*** Records for the task ***

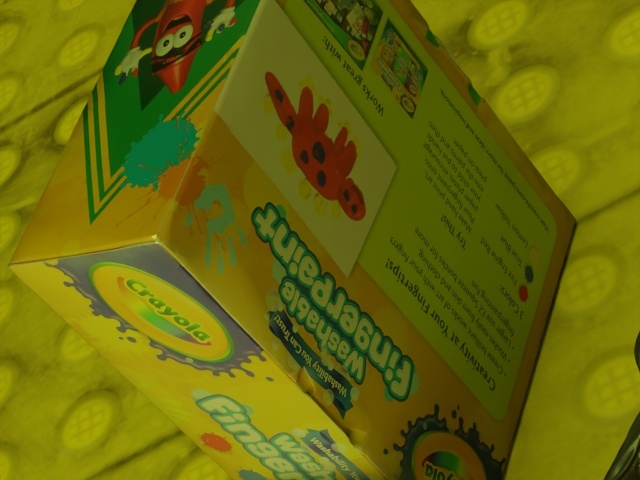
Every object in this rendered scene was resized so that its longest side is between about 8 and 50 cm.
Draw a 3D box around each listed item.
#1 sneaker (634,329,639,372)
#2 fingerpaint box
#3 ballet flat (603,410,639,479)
[{"bbox_3d":[0.373,0.017,1.486,0.330,0.122,0.146,-28,25,-10],"label":"sneaker"},{"bbox_3d":[0.000,0.000,1.558,0.163,0.445,0.371,-9,48,37],"label":"fingerpaint box"},{"bbox_3d":[0.242,0.198,1.466,0.074,0.074,0.203,10,64,46],"label":"ballet flat"}]
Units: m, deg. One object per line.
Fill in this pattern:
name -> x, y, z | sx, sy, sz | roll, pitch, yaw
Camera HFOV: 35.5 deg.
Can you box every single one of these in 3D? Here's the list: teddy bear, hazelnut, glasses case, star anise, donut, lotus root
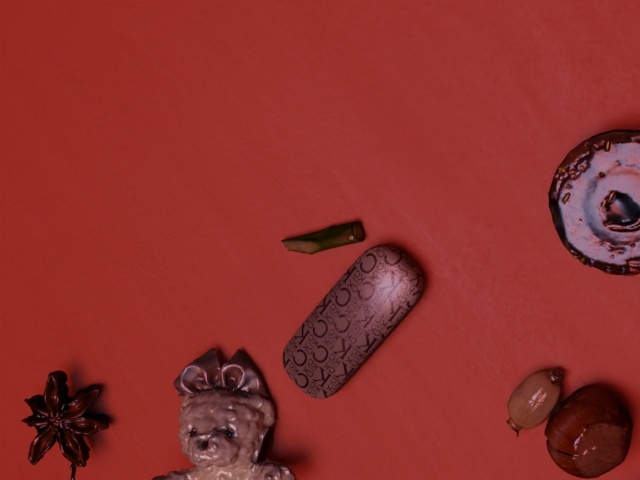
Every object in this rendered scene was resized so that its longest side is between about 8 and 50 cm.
teddy bear -> -0.210, 0.462, 1.954 | 0.327, 0.375, 0.362 | -3, 116, 17
hazelnut -> 0.446, 0.318, 1.668 | 0.143, 0.143, 0.154 | 28, 107, 20
glasses case -> 0.055, 0.155, 1.859 | 0.137, 0.085, 0.355 | 46, 119, 13
star anise -> -0.579, 0.402, 2.244 | 0.190, 0.126, 0.220 | 32, 94, -12
donut -> 0.475, -0.058, 1.571 | 0.216, 0.096, 0.230 | -39, 83, 33
lotus root -> 0.368, 0.281, 1.732 | 0.073, 0.062, 0.150 | 39, 116, 15

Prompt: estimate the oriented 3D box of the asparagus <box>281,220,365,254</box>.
asparagus -> 0.000, 0.000, 1.878 | 0.178, 0.041, 0.045 | -14, 87, 32
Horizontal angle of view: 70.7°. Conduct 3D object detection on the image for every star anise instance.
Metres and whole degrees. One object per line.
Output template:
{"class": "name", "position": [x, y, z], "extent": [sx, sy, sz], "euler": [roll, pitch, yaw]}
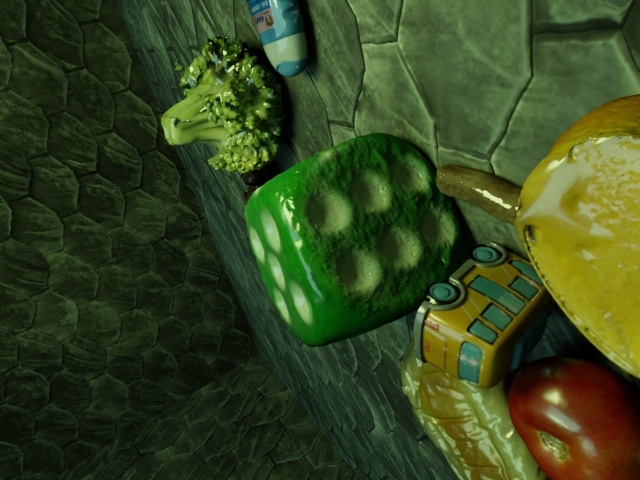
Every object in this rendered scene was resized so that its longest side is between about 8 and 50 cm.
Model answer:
{"class": "star anise", "position": [-0.189, -0.179, 1.387], "extent": [0.283, 0.129, 0.213], "euler": [127, 119, -76]}

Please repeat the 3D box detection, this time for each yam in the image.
{"class": "yam", "position": [0.255, -0.053, 0.614], "extent": [0.241, 0.056, 0.057], "euler": [35, 146, 47]}

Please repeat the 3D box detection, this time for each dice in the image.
{"class": "dice", "position": [0.049, -0.001, 0.811], "extent": [0.287, 0.296, 0.300], "euler": [66, 159, 0]}

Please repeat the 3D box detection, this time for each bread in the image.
{"class": "bread", "position": [0.311, 0.002, 0.417], "extent": [0.270, 0.142, 0.195], "euler": [59, 148, 2]}
{"class": "bread", "position": [0.307, 0.323, 0.815], "extent": [0.389, 0.183, 0.236], "euler": [63, 145, 14]}

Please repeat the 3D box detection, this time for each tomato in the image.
{"class": "tomato", "position": [0.360, 0.250, 0.621], "extent": [0.195, 0.136, 0.195], "euler": [49, 153, 35]}

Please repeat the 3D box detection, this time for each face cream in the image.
{"class": "face cream", "position": [-0.092, -0.453, 0.875], "extent": [0.149, 0.083, 0.264], "euler": [28, 141, 60]}

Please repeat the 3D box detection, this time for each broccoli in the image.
{"class": "broccoli", "position": [-0.254, -0.321, 1.124], "extent": [0.293, 0.280, 0.348], "euler": [49, 146, 25]}

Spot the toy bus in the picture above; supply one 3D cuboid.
{"class": "toy bus", "position": [0.239, 0.105, 0.638], "extent": [0.136, 0.209, 0.126], "euler": [29, 142, 39]}
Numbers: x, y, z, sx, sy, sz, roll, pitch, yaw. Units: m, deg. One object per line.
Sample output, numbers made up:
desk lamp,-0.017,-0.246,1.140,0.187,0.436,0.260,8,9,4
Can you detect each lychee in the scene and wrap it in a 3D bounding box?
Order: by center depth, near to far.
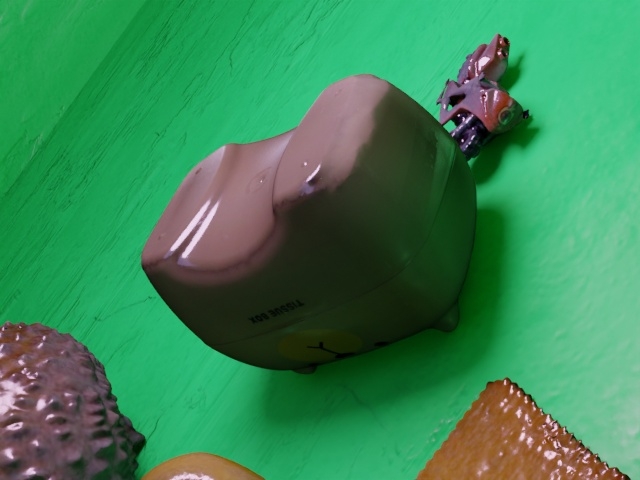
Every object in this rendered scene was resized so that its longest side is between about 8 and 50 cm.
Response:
lychee,-0.453,0.302,1.384,0.380,0.432,0.380,1,92,52

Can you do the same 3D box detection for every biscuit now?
biscuit,0.161,0.268,0.928,0.237,0.013,0.232,-54,31,3

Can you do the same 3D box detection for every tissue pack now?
tissue pack,0.000,0.000,1.179,0.387,0.277,0.267,-23,35,40

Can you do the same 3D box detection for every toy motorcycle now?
toy motorcycle,0.212,-0.186,1.246,0.118,0.084,0.213,-34,30,44

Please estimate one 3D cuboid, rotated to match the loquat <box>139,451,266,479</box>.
loquat,-0.131,0.334,1.061,0.213,0.213,0.213,-35,36,30
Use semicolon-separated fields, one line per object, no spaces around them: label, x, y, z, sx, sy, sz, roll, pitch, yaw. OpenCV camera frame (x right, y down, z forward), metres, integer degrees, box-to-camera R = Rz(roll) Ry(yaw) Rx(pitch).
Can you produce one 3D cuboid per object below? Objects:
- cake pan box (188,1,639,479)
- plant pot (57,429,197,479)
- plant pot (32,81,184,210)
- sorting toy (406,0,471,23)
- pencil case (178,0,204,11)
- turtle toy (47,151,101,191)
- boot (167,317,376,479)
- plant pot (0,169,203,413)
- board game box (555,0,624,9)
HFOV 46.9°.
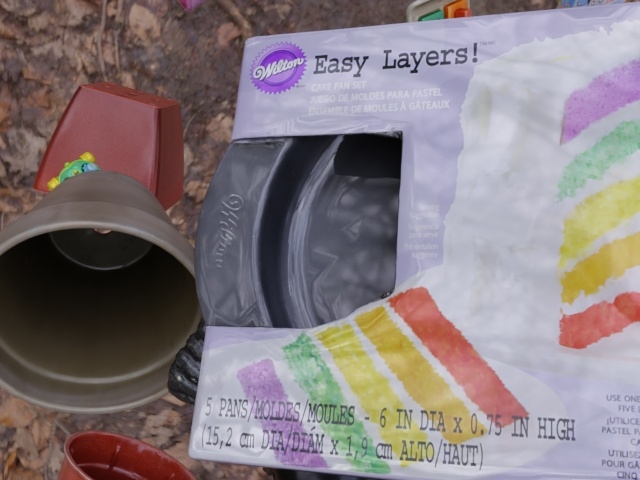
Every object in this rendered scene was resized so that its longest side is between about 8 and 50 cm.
cake pan box;0.067;0.002;0.388;0.266;0.070;0.246;1;70;17
plant pot;-0.405;0.543;1.390;0.272;0.272;0.265;25;92;-17
plant pot;-0.441;-0.214;1.644;0.267;0.267;0.236;16;104;0
sorting toy;0.220;-0.335;1.277;0.347;0.047;0.196;-34;132;-37
pencil case;-0.098;-0.422;1.020;0.284;0.124;0.124;-29;92;-15
turtle toy;-0.400;-0.084;1.278;0.095;0.066;0.130;-45;129;-18
boot;-0.050;0.210;0.713;0.260;0.131;0.348;32;59;0
plant pot;-0.327;0.042;1.081;0.323;0.280;0.323;-7;123;-10
board game box;0.517;-0.462;1.378;0.160;0.211;0.039;-24;66;-19
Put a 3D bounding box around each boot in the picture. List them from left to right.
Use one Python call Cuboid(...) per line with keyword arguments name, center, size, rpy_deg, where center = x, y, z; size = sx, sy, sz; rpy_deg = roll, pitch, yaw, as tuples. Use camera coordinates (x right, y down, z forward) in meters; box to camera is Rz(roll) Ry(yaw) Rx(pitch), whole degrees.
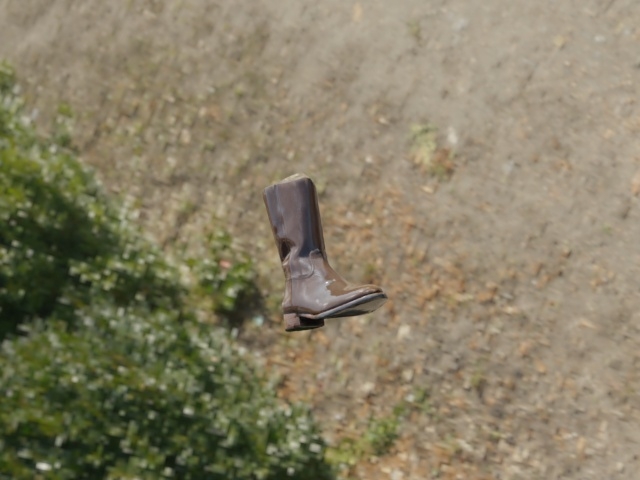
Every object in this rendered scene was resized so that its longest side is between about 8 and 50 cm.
Cuboid(name="boot", center=(0.000, 0.000, 0.922), size=(0.106, 0.037, 0.114), rpy_deg=(-18, 75, 46))
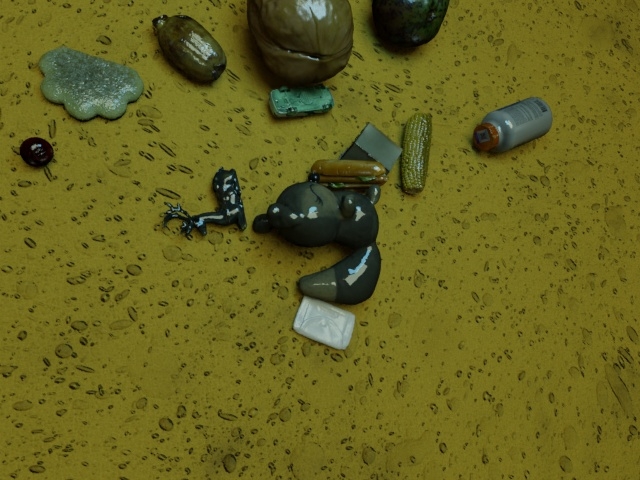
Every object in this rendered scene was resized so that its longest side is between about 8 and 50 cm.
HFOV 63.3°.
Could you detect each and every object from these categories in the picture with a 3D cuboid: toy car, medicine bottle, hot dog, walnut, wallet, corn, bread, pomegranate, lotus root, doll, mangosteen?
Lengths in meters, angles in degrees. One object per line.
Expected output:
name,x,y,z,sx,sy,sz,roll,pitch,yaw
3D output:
toy car,-0.062,-0.449,1.691,0.224,0.076,0.090,-14,79,-31
medicine bottle,0.699,-0.417,1.908,0.289,0.157,0.156,-23,84,-24
hot dog,0.083,-0.199,1.610,0.250,0.100,0.068,4,46,19
walnut,-0.063,-0.682,1.598,0.308,0.354,0.397,-14,65,-25
wallet,0.014,0.244,1.545,0.183,0.032,0.124,24,66,-11
corn,0.325,-0.310,1.779,0.102,0.101,0.310,16,72,-15
bread,-0.663,-0.438,1.487,0.287,0.056,0.207,10,70,-15
pomegranate,0.286,-0.853,1.855,0.285,0.284,0.340,-21,50,-24
lotus root,-0.403,-0.595,1.583,0.260,0.128,0.145,39,76,-4
doll,0.009,-0.002,1.501,0.383,0.252,0.378,-4,76,-14
mangosteen,-0.759,-0.236,1.385,0.081,0.081,0.080,5,73,-18

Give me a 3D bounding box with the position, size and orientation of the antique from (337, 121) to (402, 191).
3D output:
antique,0.156,-0.271,1.673,0.152,0.147,0.148,39,55,-6

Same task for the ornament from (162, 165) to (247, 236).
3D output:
ornament,-0.343,-0.108,1.491,0.236,0.080,0.202,-11,83,-22
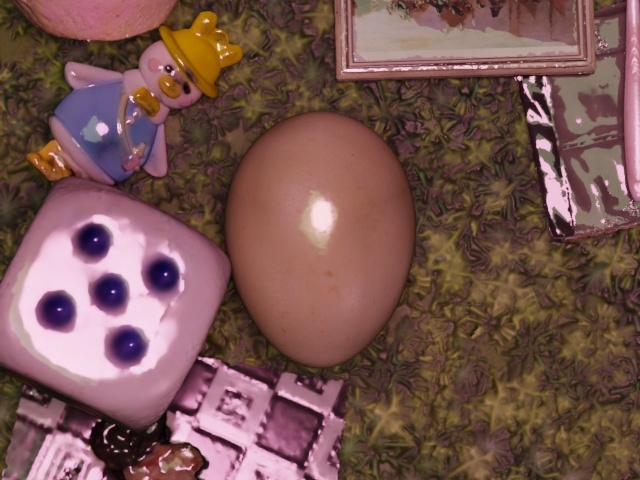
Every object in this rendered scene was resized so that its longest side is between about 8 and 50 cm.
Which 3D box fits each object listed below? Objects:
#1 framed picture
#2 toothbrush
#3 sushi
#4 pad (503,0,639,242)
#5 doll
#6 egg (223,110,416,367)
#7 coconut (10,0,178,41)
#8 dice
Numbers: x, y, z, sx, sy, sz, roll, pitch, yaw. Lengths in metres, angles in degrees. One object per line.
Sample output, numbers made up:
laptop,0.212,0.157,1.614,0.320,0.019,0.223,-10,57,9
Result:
framed picture,0.147,-0.272,1.397,0.274,0.017,0.217,-3,86,2
toothbrush,0.322,-0.192,1.383,0.025,0.029,0.307,-2,90,12
sushi,-0.158,0.274,1.377,0.339,0.069,0.320,9,75,-5
pad,0.297,-0.125,1.402,0.174,0.022,0.233,-14,88,1
doll,-0.188,-0.139,1.375,0.241,0.099,0.135,-39,82,3
egg,0.000,0.000,1.325,0.189,0.188,0.253,-3,99,1
coconut,-0.230,-0.320,1.316,0.197,0.237,0.236,-19,90,-27
dice,-0.207,0.062,1.279,0.192,0.193,0.194,26,79,-9
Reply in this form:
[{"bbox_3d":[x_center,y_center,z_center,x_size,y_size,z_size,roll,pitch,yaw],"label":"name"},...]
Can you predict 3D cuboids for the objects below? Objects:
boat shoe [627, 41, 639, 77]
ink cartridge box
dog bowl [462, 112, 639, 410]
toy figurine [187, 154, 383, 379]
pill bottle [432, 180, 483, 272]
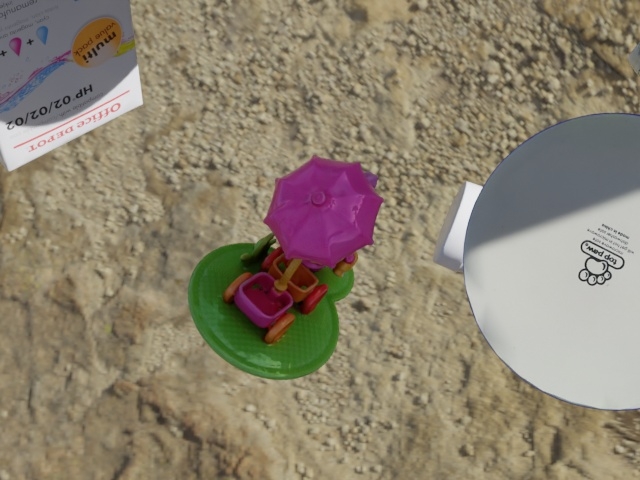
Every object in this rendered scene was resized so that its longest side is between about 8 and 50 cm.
[{"bbox_3d":[0.500,-0.304,1.174,0.094,0.109,0.302,47,129,17],"label":"boat shoe"},{"bbox_3d":[-0.173,-0.116,0.583,0.104,0.181,0.061,-32,63,-23],"label":"ink cartridge box"},{"bbox_3d":[0.268,0.019,0.855,0.265,0.104,0.264,-1,87,30],"label":"dog bowl"},{"bbox_3d":[0.000,0.000,0.714,0.130,0.173,0.159,44,134,10],"label":"toy figurine"},{"bbox_3d":[0.319,0.028,1.312,0.302,0.169,0.169,22,90,0],"label":"pill bottle"}]
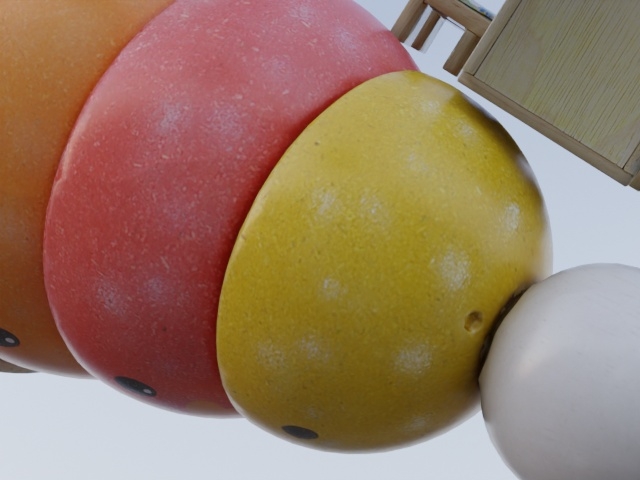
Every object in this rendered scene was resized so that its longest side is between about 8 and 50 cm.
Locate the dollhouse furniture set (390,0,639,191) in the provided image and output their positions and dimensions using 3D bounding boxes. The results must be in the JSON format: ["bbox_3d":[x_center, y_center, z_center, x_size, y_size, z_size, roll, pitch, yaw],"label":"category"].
[{"bbox_3d":[0.171,-0.131,0.612,0.212,0.161,0.242,33,12,6],"label":"dollhouse furniture set"}]

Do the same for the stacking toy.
[{"bbox_3d":[0.000,0.000,0.584,0.480,0.350,0.350,27,-19,35],"label":"stacking toy"}]
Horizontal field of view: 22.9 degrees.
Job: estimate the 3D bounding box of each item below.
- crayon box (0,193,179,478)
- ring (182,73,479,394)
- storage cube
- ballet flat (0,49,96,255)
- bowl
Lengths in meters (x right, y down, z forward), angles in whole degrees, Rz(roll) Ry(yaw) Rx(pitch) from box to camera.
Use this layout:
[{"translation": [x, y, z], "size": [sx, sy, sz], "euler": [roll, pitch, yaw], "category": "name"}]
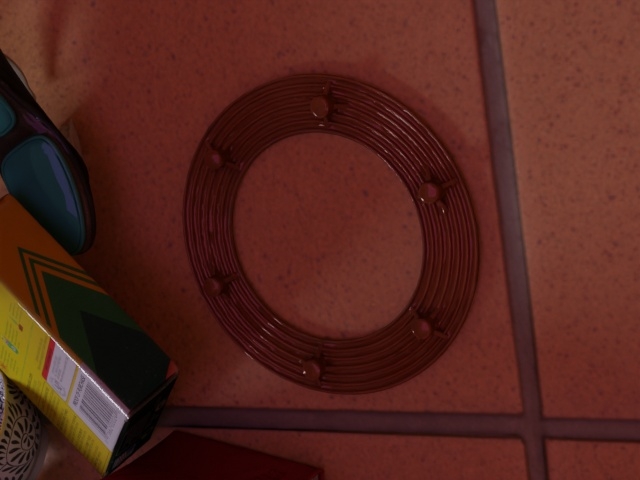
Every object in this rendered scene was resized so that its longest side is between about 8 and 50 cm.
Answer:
[{"translation": [-0.300, 0.088, 1.697], "size": [0.318, 0.081, 0.202], "euler": [45, 151, 9], "category": "crayon box"}, {"translation": [0.000, 0.000, 1.595], "size": [0.336, 0.032, 0.337], "euler": [8, 107, 26], "category": "ring"}, {"translation": [-0.124, 0.337, 1.668], "size": [0.193, 0.183, 0.215], "euler": [12, 110, 25], "category": "storage cube"}, {"translation": [-0.311, -0.118, 1.676], "size": [0.095, 0.096, 0.280], "euler": [-24, 105, 30], "category": "ballet flat"}, {"translation": [-0.364, 0.236, 1.807], "size": [0.080, 0.170, 0.170], "euler": [22, 124, -29], "category": "bowl"}]
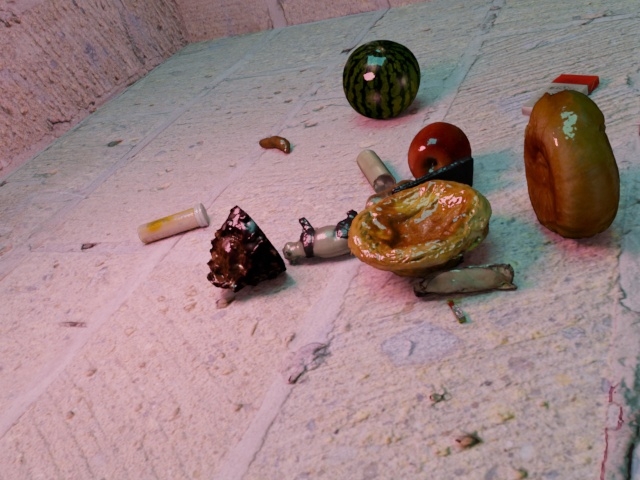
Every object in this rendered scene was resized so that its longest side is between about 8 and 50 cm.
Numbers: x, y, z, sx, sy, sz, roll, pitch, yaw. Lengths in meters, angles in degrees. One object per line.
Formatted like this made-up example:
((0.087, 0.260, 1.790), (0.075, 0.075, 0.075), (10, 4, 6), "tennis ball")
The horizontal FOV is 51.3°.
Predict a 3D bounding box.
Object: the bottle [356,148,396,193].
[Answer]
((0.167, -0.210, 2.022), (0.072, 0.072, 0.201), (-20, 32, -2), "bottle")

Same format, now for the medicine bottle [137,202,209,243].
((-0.467, -0.051, 2.115), (0.218, 0.073, 0.074), (-18, 31, 5), "medicine bottle")

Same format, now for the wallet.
((0.305, -0.137, 1.790), (0.244, 0.124, 0.025), (-24, 51, -11), "wallet")

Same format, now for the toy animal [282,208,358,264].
((0.000, 0.000, 1.774), (0.225, 0.093, 0.121), (-9, 42, 14), "toy animal")

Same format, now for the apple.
((0.333, -0.239, 1.872), (0.181, 0.180, 0.168), (-1, 20, 27), "apple")

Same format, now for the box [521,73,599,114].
((0.771, -0.466, 2.137), (0.245, 0.035, 0.139), (-38, 36, -29), "box")

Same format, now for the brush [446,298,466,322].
((0.292, 0.147, 1.446), (0.019, 0.021, 0.083), (-22, 31, 0), "brush")

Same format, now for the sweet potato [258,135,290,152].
((-0.165, -0.360, 2.453), (0.053, 0.053, 0.182), (-28, 29, -32), "sweet potato")

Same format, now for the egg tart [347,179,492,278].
((0.241, -0.014, 1.601), (0.352, 0.150, 0.352), (-14, 31, 9), "egg tart")

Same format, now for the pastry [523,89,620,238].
((0.570, -0.174, 1.523), (0.164, 0.355, 0.356), (-8, 32, 5), "pastry")

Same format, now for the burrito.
((0.318, 0.090, 1.484), (0.230, 0.063, 0.058), (-6, 61, 17), "burrito")

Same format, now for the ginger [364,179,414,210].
((0.203, -0.115, 1.857), (0.190, 0.068, 0.095), (-29, 25, -17), "ginger")

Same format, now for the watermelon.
((0.218, -0.574, 2.381), (0.285, 0.285, 0.285), (-14, 32, 9), "watermelon")

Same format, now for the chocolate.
((-0.224, 0.043, 1.727), (0.177, 0.206, 0.224), (-40, 41, -13), "chocolate")

*** End of Records for the task ***

Exercise details -> Repeat exactly the lines above, from the line that contains "- plant pot (57,429,197,479)" down through the line that contains "Use one Python". Include both of those lines and none of the pictures.

Task response ->
- plant pot (57,429,197,479)
- plant pot (32,81,184,210)
- sorting toy (406,0,471,23)
- pencil case (178,0,204,11)
- turtle toy (47,151,101,191)
- boot (167,317,376,479)
- plant pot (0,169,203,413)
- board game box (555,0,624,9)
HFOV 46.9°.
Every object in this rendered scene was resized so that its longest side is between about 8 and 50 cm.
cake pan box;0.067;0.002;0.388;0.266;0.070;0.246;1;70;17
plant pot;-0.405;0.543;1.390;0.272;0.272;0.265;25;92;-17
plant pot;-0.441;-0.214;1.644;0.267;0.267;0.236;16;104;0
sorting toy;0.220;-0.335;1.277;0.347;0.047;0.196;-34;132;-37
pencil case;-0.098;-0.422;1.020;0.284;0.124;0.124;-29;92;-15
turtle toy;-0.400;-0.084;1.278;0.095;0.066;0.130;-45;129;-18
boot;-0.050;0.210;0.713;0.260;0.131;0.348;32;59;0
plant pot;-0.327;0.042;1.081;0.323;0.280;0.323;-7;123;-10
board game box;0.517;-0.462;1.378;0.160;0.211;0.039;-24;66;-19
Put a 3D bounding box around each boot in the picture. List them from left to right.
Use one Python call Cuboid(...) per line with keyword arguments name, center, size, rpy_deg, where center = x, y, z; size = sx, sy, sz; rpy_deg = roll, pitch, yaw, as tuples. Use camera coordinates (x right, y down, z forward) in meters; box to camera is Rz(roll) Ry(yaw) Rx(pitch), whole degrees.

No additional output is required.